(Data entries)

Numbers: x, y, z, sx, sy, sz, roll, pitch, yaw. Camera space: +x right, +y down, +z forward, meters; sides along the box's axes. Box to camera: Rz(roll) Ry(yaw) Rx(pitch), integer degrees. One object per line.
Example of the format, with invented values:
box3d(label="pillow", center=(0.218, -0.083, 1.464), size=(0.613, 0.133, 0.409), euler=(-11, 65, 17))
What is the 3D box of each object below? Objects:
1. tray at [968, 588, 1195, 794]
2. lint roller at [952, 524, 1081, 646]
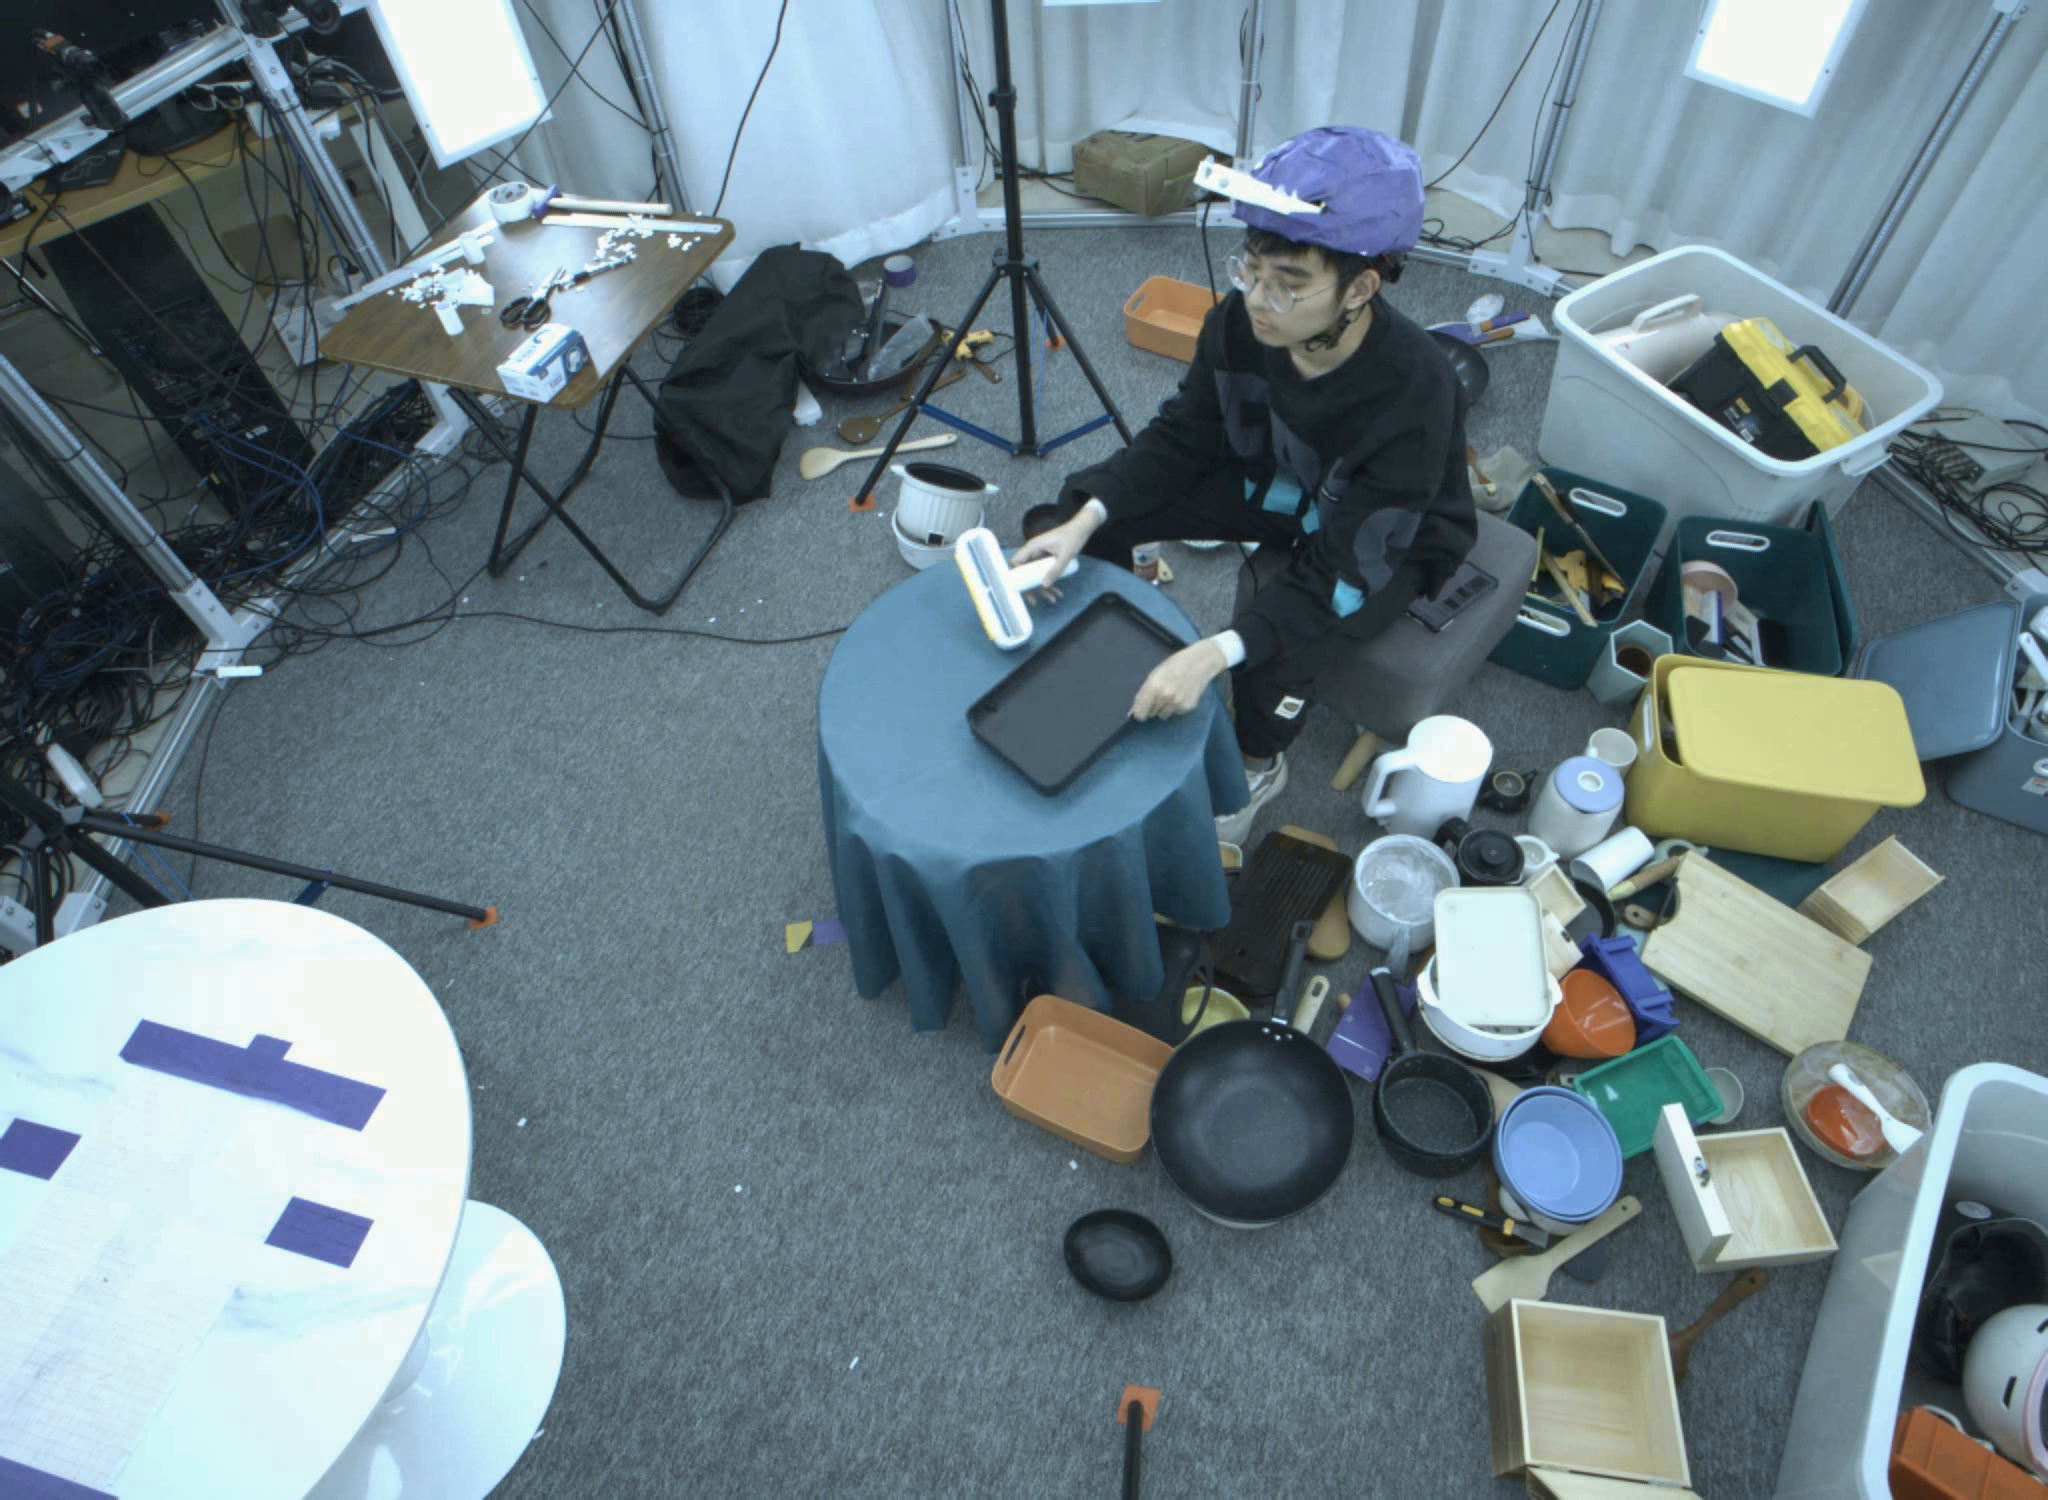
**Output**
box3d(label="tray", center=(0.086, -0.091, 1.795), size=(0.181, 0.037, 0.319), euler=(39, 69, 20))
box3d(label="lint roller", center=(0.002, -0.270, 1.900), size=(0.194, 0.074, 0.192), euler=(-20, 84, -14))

==

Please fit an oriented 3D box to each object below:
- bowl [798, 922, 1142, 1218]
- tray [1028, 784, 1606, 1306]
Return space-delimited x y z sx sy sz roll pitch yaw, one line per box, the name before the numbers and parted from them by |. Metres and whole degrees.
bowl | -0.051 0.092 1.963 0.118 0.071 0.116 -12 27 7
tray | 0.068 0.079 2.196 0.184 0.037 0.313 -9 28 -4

▶ _ACTIVITY_
Find each line in the data above with the word "below", then copy it.

▶ _ANSWER SPACE_
What is the 3D box of each object below? Objects:
Please fit an oriented 3D box to each object below:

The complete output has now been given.